「特異性の原則」というトレーニングの原則があります。
野球がうまくなりたかったら筋トレよりも野球をしろ、と。ものすごくシンプルに言っています。要するにそういうことです。
エアロビクスの養成コースでこの原則を知り、エアロビクスインストラクターになってからもずっと実践していました。
もともと持っていた腰痛が再発したり、肩胛骨が動いていないなどがきっかけでさまざまな先生やエクササイズと出会いました。
この出会いこそが現在の私を作りました。そして、その私が感じていること。「特異性の原則」には前提があるんだな、と。
昨年夏。
田中選手と初めてトレーニングをする前日、軽い気持ちで「リクエストありますか?」とメールしたところ、ものすごく大量のリクエストをもらってビックリした記憶があります。
「肩は脱臼をするクセがある」
「ベンチプレスをやると左肩だけあがってしまう」
「左右の股関節の可動域が違って、左は動きづらい」
「膝の調子が悪い」
・・・こんなにいっぱいあるのに、今までどうしていたの?と不思議に思いました。フィットネスクラブでジムスタッフの経験がある田中選手。経験から得た筋トレはしていたようでしたが、あとは練習のみというある意味、「特異性の原則」を実践していたようでした。
姿勢をみれば、その人のからだの使い方にどんな特徴があるのか、なんとなくですがわかります。田中選手は私が想像していたとおり、自分の得意な部分しか使えないからだでした。
電気のきていない村を工事して、その村のすべての家に電気がつくようにする。例えですが、これが夏から田中選手と取り組んできたことです。田中選手のからだがまだ電気のきていない村だとしたら、私はジャイロトニックという道具をつかって、田中選手の得意な部分だけではなく全身がうまく使えるようにする、その村のすべての家に電気がつくようにすることを目指しています。
「いつ、どんなときでも自然に自在にからだが動く」
当たり前のようで実は意外と難しいのがこれです。特異性の原則はこの前提があってこそ・・・なのかな、最近、改めて感じています。
自分では今のからだがベストだと誰でも思います。ちょっとぐらい肩がこっても、少し猫背だとしてもそれがケガや痛みに結びつかない限りは病気じゃないし、「ま、いいか」と思ってしまいます。でも、その小さな「サイン」を見逃したがゆえにケガという大事件へと発展していくのです。
「ケガはイベントではなくクセや習慣の積み重ねから生まれる」
私の大好きなピラティスの先生・マリジョゼがこんなふうに言っていました。スポーツにあまり縁のないかたでも生活環境や動きのクセから痛みやケガにつながります。スポーツをするかただったらなおさら・・・そう考えれば、なにが必要かということです。

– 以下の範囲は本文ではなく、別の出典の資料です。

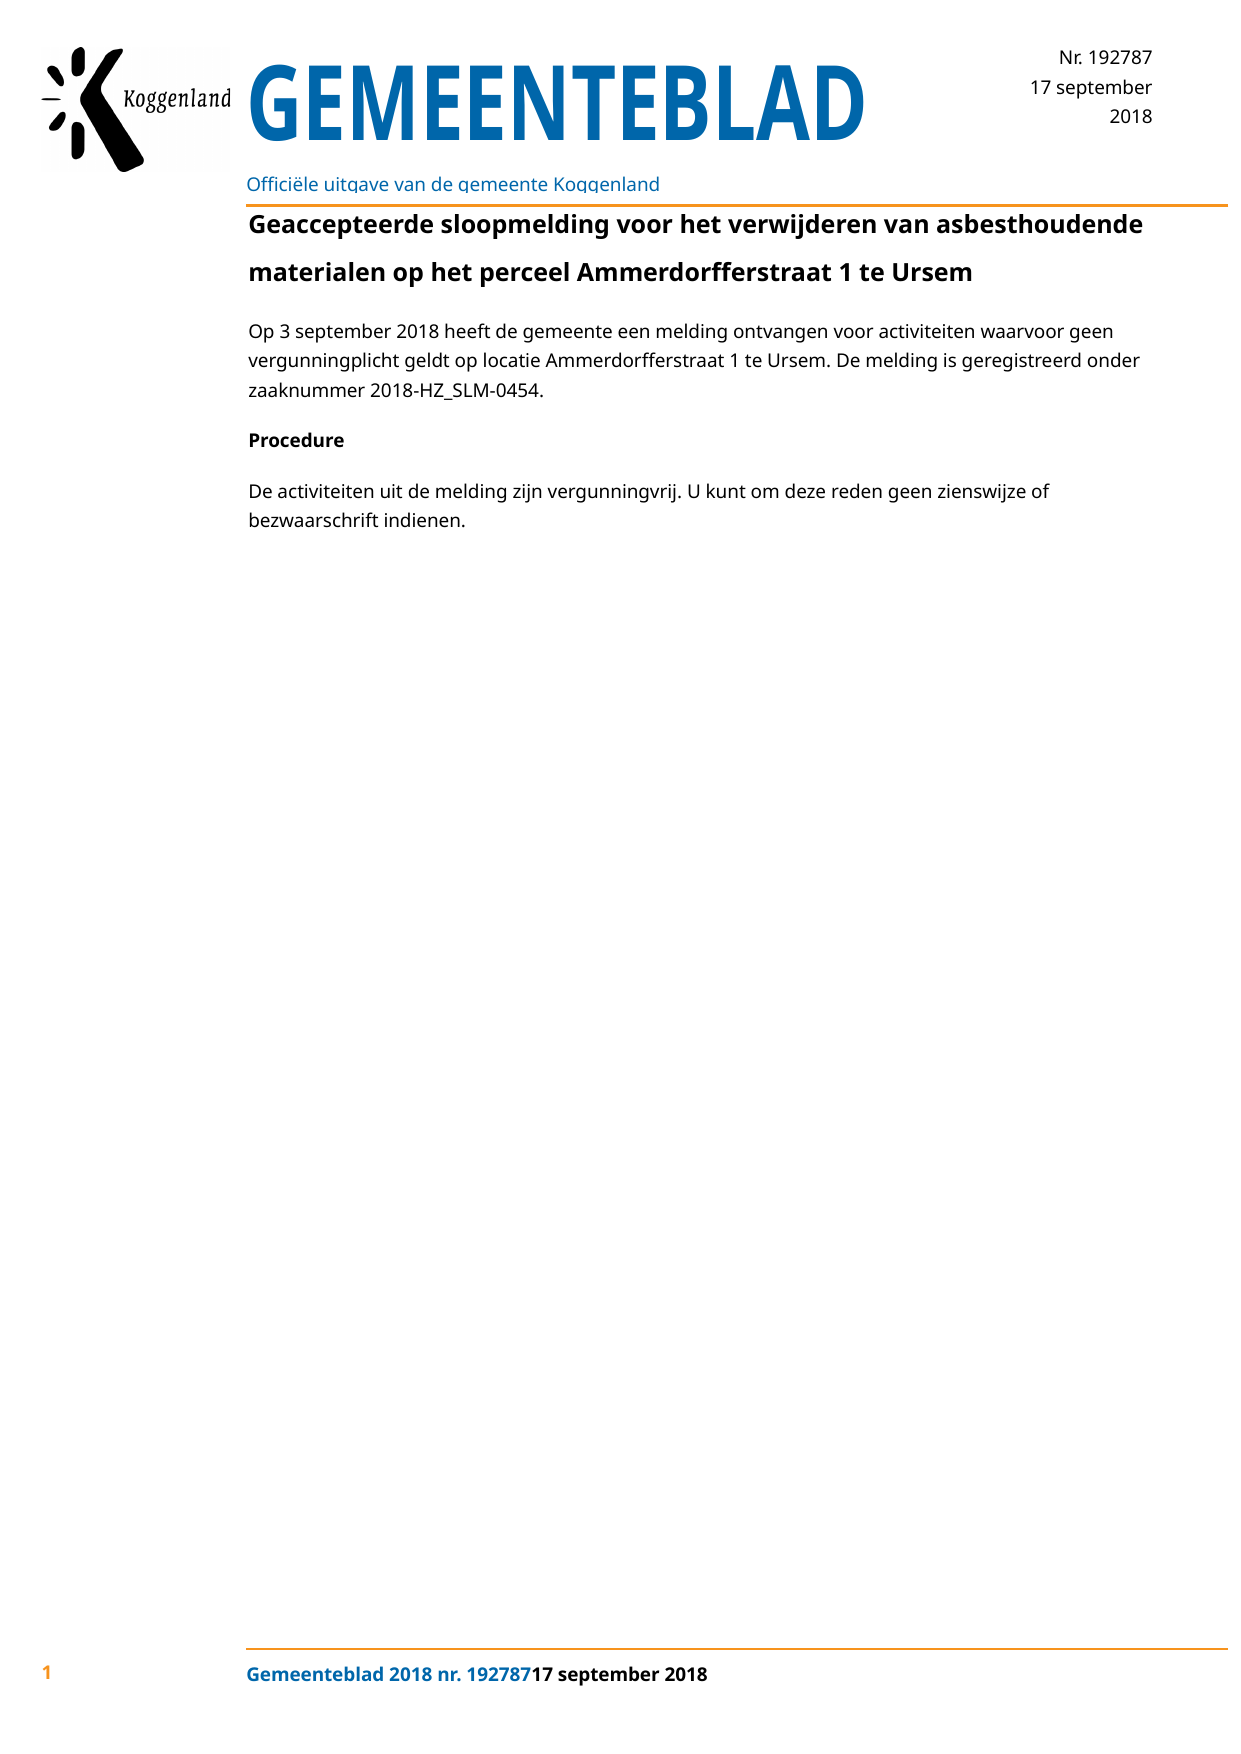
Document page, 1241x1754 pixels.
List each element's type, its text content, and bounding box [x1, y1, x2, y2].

text De activiteiten uit de melding zijn vergunningvrij. U kunt om deze reden geen zienswijze of bezwaarschrift indienen. [248, 478, 1152, 533]
text Op 3 september 2018 heeft de gemeente een melding ontvangen voor activiteiten waarvoor geen vergunningplicht geldt op locatie Ammerdorfferstraat 1 te Ursem. De melding is geregistreerd onder zaaknummer 2018-HZ_SLM-0454. [248, 318, 1152, 403]
picture [41, 47, 231, 172]
text Geaccepteerde sloopmelding voor het verwijderen van asbesthoudende materialen op het perceel Ammerdorfferstraat 1 te Ursem [248, 207, 1152, 288]
text Procedure [248, 427, 1152, 453]

友人のプロスキーヤーみやのゆきこも満身創痍のからだをケアすべく、ピラティスを始め、インストラクターになりました。そして、現在、彼女のスタジオにはスキーヤーのかたたちがこぞってトレーニングにきています。
「いつ、どんなときでも自由に自在にからだが動く」
特異性の原則の前提・・・と書きましたが、こうやってみると気がつきます。実は自由自在な「すなおなからだ」はすべての人に必要だということに。
「社会人になってからの方が上手くなったね」
先日そんな言葉をオーストラリアンフットボールの先輩からかけられました。学生の頃には週4回の練習を行っていましたが、会社勤めを始めてからは土日の練習にしか参加できていません。練習回数が減ってしまったことで、ボールに触れる機会は単純に減ってしまったわけですが、動きがよくなったと感じてもらえたのは一体なぜなのか。学生の頃と何が変わったのでしょうか。
答えは「ジャイロを始めたこと」だと思います。昨年の7月に始めてから半年以上経ちましたが、プレー中に学生の時分には経験したことのない脚の軽さや、身体のパーツのつながりを感じることができています。
一昔前はプレー以外のトレーニングといえば筋トレでした。身体を大きくすればなんでも解決すると思って(笑)。確かに筋トレは効果をすぐに「みること」ができます。
ジャイロは1回2回で効果が出るものではないですが、続けていく中で自分の身体に対して「感じること」がどんどん出てきます。その感じていたことが段々と自然に動作の中に出てきて、動ける身体になっていくのかなと。
ジャイロの効果を伝えるためにも、もっと動けるようになりたいですね。筋トレばかりしている学生には負けませんよ!